2.4 Merging our datasets
Let’s review the data that we have:
- A csv file of addresses and pothole report/fill times
- A csv file of addresses and geographic information, including census tract identifiers
- A csv file of census tract identifiers and race data
We’ll need to do a few merges in order to complete our finished dataset.
2.4.0.1 Our base dataset: potholes
Let’s start with our pothole dataset. Right after we read it in we’re going to filter for 2013. That’s pretty easy to do because pandas read the date in as text!
potholes = pd.read_csv("data/potholes-merged.csv")
potholes = potholes[potholes.EnterDt.str.startswith('2013')]
potholes.head()
EnterDt | PrintDt | ResolvDt | address | |
---|---|---|---|---|
38113 | 2013-07-15 23:35 | 2013-07-16 05:46 | 2013-07-17 05:50 | 3839 N 10TH ST |
38114 | 2013-07-15 20:05 | 2013-07-16 05:46 | 2013-07-24 16:58 | 4900 W MELVINA ST |
38115 | 2013-07-15 20:00 | 2013-07-16 05:56 | 2013-07-25 14:42 | 2400 W WISCONSIN AV |
38116 | 2013-07-15 19:55 | 2013-07-16 05:46 | 2013-07-18 06:06 | 1800 W HAMPTON AV |
38117 | 2013-07-15 19:50 | 2013-07-16 05:46 | 2013-08-02 06:08 | 4718 N 19TH ST |
2.4.0.2 Merging pothole addresses with tracts
To give these addresses census tract identifiers, we’ll join it to our geocoded tract dataset. As I mentioned before, we’re only interested in a couple of the columns - address and tract - so we’ll ignore the lat/lon, city, state, and all of that.
tracts = pd.read_csv("data/2013-addresses-tracts.csv",
dtype={'GEOID': 'str'},
usecols=['address', 'GEOID'])
tracts.head()
address | GEOID |
---|---|
8900 N 124TH ST | 55133200202 |
2200 N TERRACE AV | 55079186900 |
1000 N PROSPECT AV | 55079186900 |
1700 N PROSPECT AV | 55079186900 |
2298 N TERRACE AV | 55079186900 |
Any time you read in a geographic identifier - ZIP codes, etc - you’ll want to read them in as strings. Since they look like numbers, pandas would take a ZIP code like 06002
and turn it into the integer 6002
. To prevent any bad situations arising from something like that, we preemptively read in all of our geographic codes as strings.

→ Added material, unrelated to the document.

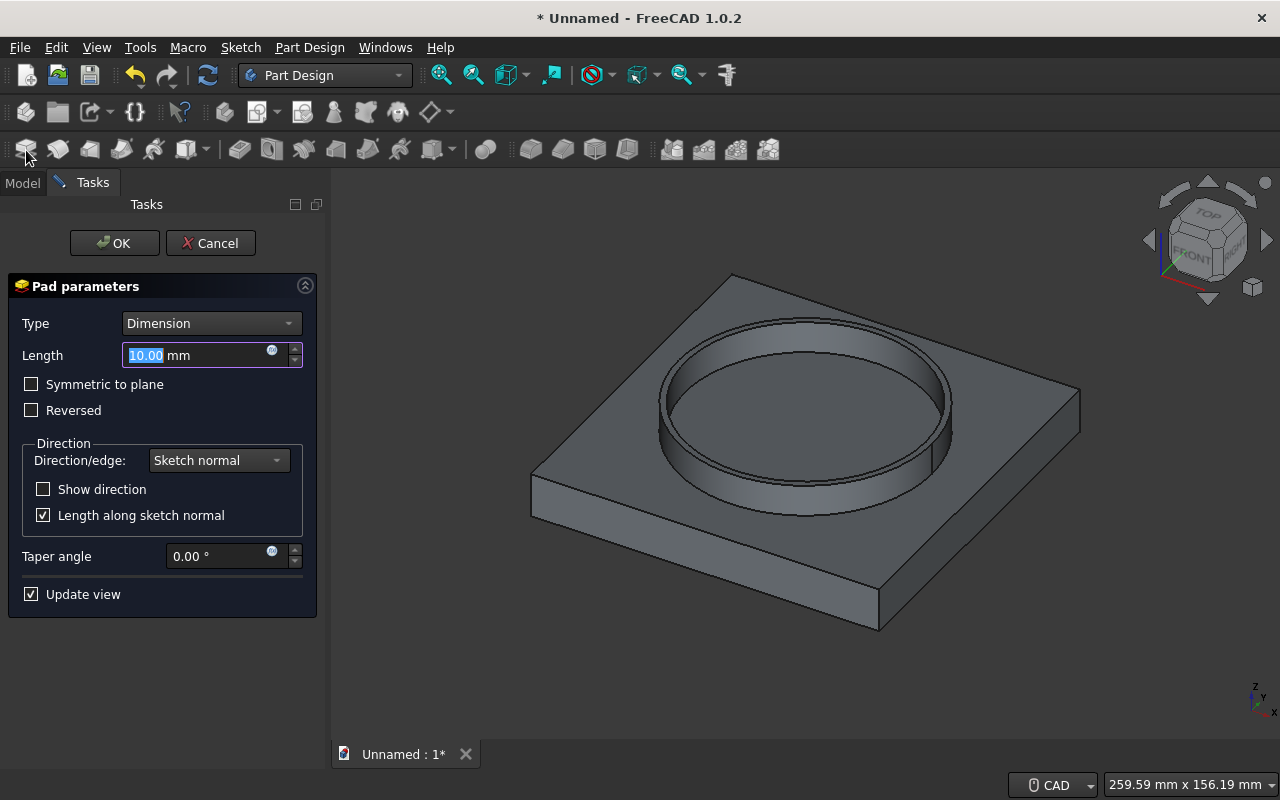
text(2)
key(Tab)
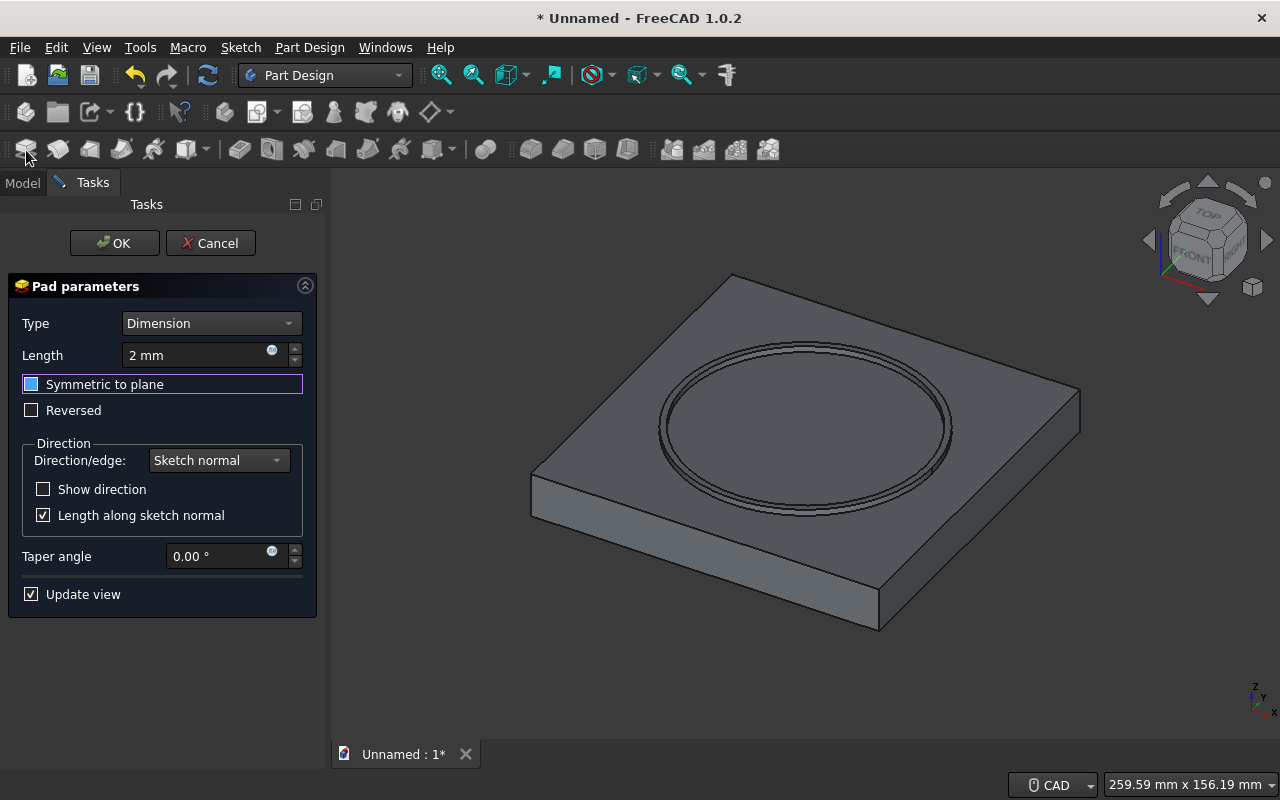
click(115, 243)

Now we can join them together based on the address, giving each pothole report a census tract. Since they both have the same column name for the address - address
- we’ll be able to just use on='address'
.
EnterDt | PrintDt | ResolvDt | address | GEOID | |
---|---|---|---|---|---|
0 | 2013-07-15 23:35 | 2013-07-16 05:46 | 2013-07-17 05:50 | 3839 N 10TH ST | 55079004500 |
1 | 2013-07-15 20:05 | 2013-07-16 05:46 | 2013-07-24 16:58 | 4900 W MELVINA ST | 55079003800 |
2 | 2013-07-15 20:00 | 2013-07-16 05:56 | 2013-07-25 14:42 | 2400 W WISCONSIN AV | 55079014900 |
3 | 2013-07-15 19:55 | 2013-07-16 05:46 | 2013-07-18 06:06 | 1800 W HAMPTON AV | 55079002300 |
4 | 2013-07-15 19:50 | 2013-07-16 05:46 | 2013-08-02 06:08 | 4718 N 19TH ST | 55079002300 |
Usually when there’s no match, pandas drops the row from the merged dataset. We add how='left'
so that any row that isn’t in our geocoded dataset is still in there. It’s good to be able to check and see if you’re missing anything!
How many are missing census tracts?
## False 12822
## True 14
## Name: GEOID, dtype: int64
2.4.0.3 Merging potholes with census data
Now we can read in our census data. Again, we’ll be sure to treat the census tract number as a string to prevent any merging issues.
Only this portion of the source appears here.